ANDRA P. PALMROS, PLAINTIFF-APPELLANT,
v.
JOHN BARCELONA, DEFENDANT-APPELLEE.



Appeal from the Circuit Court of Kendall County. No. 94--L--46. Honorable Grant S. Wegner, Judge, Presiding.

As Corrected December 12, 1996. Rehearing Denied December 12, 1996. Released for Publication December 12, 1996.

The Honorable Justice Rathje delivered the opinion of the court: Geiger and Hutchinson, JJ., concur.

The opinion of the court was delivered by: Rathje

The Honorable Justice RATHJE delivered the opinion of the court:

Plaintiff, Andra Palmros, the widow of Alexander Palmros II (Alexander), sued defendant, attorney John Barcelona, for malpractice in drafting and executing Alexander's will. The trial court dismissed the complaint as time barred (see 735 ILCS 5/2--619(a)(5) (West 1994)) by section 13--214.3 of the Code of Civil Procedure (section 13--214.3) (735 ILCS 5/13--214.3 (West 1994)). On appeal, plaintiff argues that (1) her complaint was timely; and alternatively (2) section 13--214.3 is unconstitutional. We affirm.

Alexander executed his will and an accompanying life insurance trust on August 6, 1992. He died on August 8, 1992, survived by plaintiff and the two adult children of a previous marriage (Palmros children). The will was admitted to probate, and the Palmros children contested it. On August 5, 1994, plaintiff filed this suit.

The complaint alleged the following facts. Defendant drafted and executed the will and the insurance trust, and he undertook to assure that the required legal formalities were followed so that the will and trust would be duly executed. Throughout this process, defendant acted as Alexander's attorney and agent. In employing defendant, Alexander intended that plaintiff receive the bulk of his estate and that the Palmros children receive no gift or inheritance except insofar as required by the settlement agreement incorporated into the 1981 divorce judgment. Defendant owed a duty of care to Alexander, his client, and to plaintiff, the intended beneficiary of the attorney-client relationship, in supervising the drafting and proper execution of the will and the trust. However, defendant breached this duty. As a result, the Palmros children filed two suits contesting the validity of the will and the trust, making plaintiff a defendant in each case. Plaintiff had suffered or would suffer two types of damages (1) the attorney fees she spent to defend the will contests; and (2) any loss that would result if the court ultimately invalidated the will or the trust.

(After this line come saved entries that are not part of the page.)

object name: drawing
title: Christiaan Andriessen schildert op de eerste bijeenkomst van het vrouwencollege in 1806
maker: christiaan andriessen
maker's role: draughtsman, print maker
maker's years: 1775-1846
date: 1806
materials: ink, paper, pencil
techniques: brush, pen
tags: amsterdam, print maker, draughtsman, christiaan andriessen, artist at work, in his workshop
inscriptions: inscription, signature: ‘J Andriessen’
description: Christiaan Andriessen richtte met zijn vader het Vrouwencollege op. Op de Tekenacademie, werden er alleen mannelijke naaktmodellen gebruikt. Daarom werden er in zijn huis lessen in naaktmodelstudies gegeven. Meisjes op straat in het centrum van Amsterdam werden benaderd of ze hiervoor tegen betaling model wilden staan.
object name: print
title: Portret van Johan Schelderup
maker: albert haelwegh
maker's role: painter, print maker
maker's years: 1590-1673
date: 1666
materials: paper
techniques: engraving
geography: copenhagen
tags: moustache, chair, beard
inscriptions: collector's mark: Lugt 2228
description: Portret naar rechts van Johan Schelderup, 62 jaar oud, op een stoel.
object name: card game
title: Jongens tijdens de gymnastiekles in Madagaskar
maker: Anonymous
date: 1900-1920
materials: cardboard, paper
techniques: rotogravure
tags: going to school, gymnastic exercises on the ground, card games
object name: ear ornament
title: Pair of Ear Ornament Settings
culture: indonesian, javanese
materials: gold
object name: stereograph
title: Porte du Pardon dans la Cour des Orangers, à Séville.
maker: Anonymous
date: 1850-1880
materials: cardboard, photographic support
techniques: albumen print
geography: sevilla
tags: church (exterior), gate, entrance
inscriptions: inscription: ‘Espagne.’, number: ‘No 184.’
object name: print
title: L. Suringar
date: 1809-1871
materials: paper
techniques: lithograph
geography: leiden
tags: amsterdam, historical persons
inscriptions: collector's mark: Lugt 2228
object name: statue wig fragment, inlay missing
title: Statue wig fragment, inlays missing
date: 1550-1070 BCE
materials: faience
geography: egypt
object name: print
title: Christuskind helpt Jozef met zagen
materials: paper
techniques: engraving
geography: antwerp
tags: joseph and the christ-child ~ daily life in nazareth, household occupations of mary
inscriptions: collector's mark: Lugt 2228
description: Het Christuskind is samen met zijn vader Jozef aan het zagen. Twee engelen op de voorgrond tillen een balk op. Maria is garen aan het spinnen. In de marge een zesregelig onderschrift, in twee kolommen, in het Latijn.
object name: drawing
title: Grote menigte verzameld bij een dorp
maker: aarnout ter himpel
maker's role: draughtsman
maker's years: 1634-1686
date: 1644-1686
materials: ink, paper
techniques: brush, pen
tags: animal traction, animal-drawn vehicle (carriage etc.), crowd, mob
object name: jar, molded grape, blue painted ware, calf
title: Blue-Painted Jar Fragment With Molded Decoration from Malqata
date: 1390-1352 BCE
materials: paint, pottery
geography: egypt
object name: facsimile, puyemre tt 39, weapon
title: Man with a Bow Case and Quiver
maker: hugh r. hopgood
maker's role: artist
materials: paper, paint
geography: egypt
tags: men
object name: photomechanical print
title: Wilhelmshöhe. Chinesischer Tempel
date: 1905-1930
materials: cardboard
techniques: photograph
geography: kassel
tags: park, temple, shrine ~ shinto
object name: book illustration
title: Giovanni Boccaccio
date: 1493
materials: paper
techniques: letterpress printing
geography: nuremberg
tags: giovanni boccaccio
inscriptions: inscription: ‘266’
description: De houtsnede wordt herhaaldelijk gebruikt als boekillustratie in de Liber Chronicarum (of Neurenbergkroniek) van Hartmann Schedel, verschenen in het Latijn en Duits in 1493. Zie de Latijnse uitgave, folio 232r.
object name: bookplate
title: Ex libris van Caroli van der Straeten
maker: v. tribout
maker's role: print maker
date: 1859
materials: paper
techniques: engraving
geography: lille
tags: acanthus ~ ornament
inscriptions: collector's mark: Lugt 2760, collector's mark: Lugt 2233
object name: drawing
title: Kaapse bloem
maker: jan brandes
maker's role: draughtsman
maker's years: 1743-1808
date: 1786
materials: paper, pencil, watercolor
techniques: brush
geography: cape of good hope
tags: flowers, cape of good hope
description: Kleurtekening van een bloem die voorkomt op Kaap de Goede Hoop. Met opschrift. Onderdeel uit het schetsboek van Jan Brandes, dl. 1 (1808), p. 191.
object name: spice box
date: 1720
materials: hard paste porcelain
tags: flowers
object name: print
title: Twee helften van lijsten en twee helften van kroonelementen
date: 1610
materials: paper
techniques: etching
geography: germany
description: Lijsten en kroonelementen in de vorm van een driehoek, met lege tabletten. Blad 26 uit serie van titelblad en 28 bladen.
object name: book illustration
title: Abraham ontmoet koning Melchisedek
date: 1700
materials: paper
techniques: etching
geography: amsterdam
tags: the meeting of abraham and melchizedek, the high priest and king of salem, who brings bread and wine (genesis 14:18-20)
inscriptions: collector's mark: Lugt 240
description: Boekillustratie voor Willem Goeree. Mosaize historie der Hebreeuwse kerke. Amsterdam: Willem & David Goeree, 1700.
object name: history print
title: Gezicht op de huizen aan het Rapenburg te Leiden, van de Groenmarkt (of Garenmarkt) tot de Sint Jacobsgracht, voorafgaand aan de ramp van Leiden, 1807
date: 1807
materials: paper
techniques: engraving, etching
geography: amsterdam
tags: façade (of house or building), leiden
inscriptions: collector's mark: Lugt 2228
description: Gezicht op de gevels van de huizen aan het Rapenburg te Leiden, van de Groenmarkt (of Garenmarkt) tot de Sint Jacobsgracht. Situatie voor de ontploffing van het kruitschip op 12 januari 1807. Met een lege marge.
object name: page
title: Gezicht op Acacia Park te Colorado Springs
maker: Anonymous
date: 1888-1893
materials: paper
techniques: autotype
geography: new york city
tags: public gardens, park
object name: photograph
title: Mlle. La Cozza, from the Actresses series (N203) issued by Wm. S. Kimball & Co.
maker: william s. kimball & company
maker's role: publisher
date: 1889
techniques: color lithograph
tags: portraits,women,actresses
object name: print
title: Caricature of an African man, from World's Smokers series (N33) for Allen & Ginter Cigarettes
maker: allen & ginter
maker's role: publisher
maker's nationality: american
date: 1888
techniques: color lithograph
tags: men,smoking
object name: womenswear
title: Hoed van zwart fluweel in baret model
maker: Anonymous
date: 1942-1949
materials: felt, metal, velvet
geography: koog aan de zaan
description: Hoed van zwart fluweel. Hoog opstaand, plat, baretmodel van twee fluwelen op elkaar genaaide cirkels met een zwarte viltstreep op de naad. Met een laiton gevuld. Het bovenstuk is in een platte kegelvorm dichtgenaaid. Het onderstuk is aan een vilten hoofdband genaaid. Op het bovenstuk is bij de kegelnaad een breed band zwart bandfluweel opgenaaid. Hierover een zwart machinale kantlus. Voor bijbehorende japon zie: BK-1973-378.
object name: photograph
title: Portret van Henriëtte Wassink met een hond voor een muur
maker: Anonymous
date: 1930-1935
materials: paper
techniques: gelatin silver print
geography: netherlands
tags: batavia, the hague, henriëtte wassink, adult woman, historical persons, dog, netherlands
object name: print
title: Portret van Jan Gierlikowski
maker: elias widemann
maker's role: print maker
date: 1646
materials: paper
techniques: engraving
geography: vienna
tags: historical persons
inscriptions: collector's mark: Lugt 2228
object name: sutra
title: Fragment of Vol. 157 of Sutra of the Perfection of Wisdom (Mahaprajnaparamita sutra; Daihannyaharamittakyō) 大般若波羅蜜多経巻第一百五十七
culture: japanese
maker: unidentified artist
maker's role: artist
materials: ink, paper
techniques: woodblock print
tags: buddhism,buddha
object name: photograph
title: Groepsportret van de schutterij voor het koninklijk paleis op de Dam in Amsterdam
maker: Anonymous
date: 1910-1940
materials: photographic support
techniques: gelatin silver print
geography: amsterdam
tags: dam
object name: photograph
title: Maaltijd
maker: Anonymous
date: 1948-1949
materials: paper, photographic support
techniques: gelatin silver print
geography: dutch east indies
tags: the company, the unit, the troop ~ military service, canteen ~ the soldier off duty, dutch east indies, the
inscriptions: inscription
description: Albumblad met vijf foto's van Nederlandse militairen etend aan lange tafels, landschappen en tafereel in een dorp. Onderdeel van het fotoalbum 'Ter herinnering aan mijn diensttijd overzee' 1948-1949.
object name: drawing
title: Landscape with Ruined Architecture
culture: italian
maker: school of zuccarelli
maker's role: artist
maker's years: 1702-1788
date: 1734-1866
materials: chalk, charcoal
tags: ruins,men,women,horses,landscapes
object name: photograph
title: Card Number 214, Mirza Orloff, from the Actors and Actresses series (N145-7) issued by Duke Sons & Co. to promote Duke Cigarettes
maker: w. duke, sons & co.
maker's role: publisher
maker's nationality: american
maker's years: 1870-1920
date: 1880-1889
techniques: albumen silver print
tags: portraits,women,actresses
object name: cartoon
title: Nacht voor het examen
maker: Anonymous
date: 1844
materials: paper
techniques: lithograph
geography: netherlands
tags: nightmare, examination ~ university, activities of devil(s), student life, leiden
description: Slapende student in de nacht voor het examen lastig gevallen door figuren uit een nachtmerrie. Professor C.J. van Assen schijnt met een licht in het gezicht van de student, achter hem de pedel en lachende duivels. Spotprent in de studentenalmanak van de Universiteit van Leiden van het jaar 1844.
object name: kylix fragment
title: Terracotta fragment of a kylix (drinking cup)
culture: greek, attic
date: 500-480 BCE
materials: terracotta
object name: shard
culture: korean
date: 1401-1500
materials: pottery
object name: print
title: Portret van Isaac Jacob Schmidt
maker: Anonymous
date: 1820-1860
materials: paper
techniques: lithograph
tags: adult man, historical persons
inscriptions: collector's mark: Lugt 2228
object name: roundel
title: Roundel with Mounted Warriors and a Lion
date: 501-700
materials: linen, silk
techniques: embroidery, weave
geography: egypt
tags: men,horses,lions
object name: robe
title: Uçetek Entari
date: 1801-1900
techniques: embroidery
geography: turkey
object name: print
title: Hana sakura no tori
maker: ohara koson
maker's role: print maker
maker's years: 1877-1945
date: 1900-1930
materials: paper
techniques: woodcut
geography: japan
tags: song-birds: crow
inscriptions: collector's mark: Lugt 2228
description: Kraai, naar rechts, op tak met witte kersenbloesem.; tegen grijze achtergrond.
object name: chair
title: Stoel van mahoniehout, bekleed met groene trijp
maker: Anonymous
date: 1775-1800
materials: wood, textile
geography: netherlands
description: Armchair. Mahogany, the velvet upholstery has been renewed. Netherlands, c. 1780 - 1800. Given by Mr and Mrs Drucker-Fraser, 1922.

Defendant moved to dismiss the suit. He argued it was untimely under section 13--214.3, which, as then in effect, stated in relevant part:

"(b) An action for damages based on tort, contract, or otherwise (i) against an attorney arising out of an act or omission in the performance of professional services *** must be commenced within 2 years from the time the person bringing the action knew or reasonably should have known of the injury for which damages are sought."

(c) Except as provided in subsection (d), an action described in subsection (b) may not be commenced in any event more than 6 years after the date on which the act or omission occurred.

(d) When the injury caused by the act or omission does not occur until the death of the person for whom the professional services were rendered, the action may be commenced within 2 years after the date of the person's death unless letters of office are issued or the person's will is admitted to probate within that 2 year period, in which case the action must be commenced within the time for filing claims against the estate or a petition contesting the validity of the will of the deceased person, whichever is later, as provided in the Probate Act of 1975 [755 ILCS 5/1--1 et seq. (West 1994)]." (Emphasis added.) 735 ILCS 5/13--214.3 (West 1994).

Defendant asserted (with supporting documentation) that the will was admitted to probate on June 16, 1993, and that public notice had already been given that claims against the estate had to be filed six months from December 10, 1992, the date notice was first given. Under section 8--1 of the Probate Act of 1975 (755 ILCS 5/8--1 (West 1992)), a petition to contest the validity of a will had to be filed within six months of the admission of the will to probate. Thus, according to defendant, section 13--214.3(d) required plaintiff to file her suit by December 16, 1993.

The trial court agreed, dismissed the complaint, and denied plaintiff's motion to reconsider. On appeal, she argues primarily that section 13--214.3(d) does not apply here because the injury for which she seeks redress occurred either before the death of Alexander (in which case the two-year limitation period of section 13--214.3(b) applies) or only after the will was invalidated (in which case the complaint was premature). We disagree. We hold that plaintiff's cause of action accrued when she incurred attorney fees to defend the Palmros children's petition to contest the will. Because her injury occurred after the death of Alexander, section 13--214.3(d)'s special limitation period bars this suit.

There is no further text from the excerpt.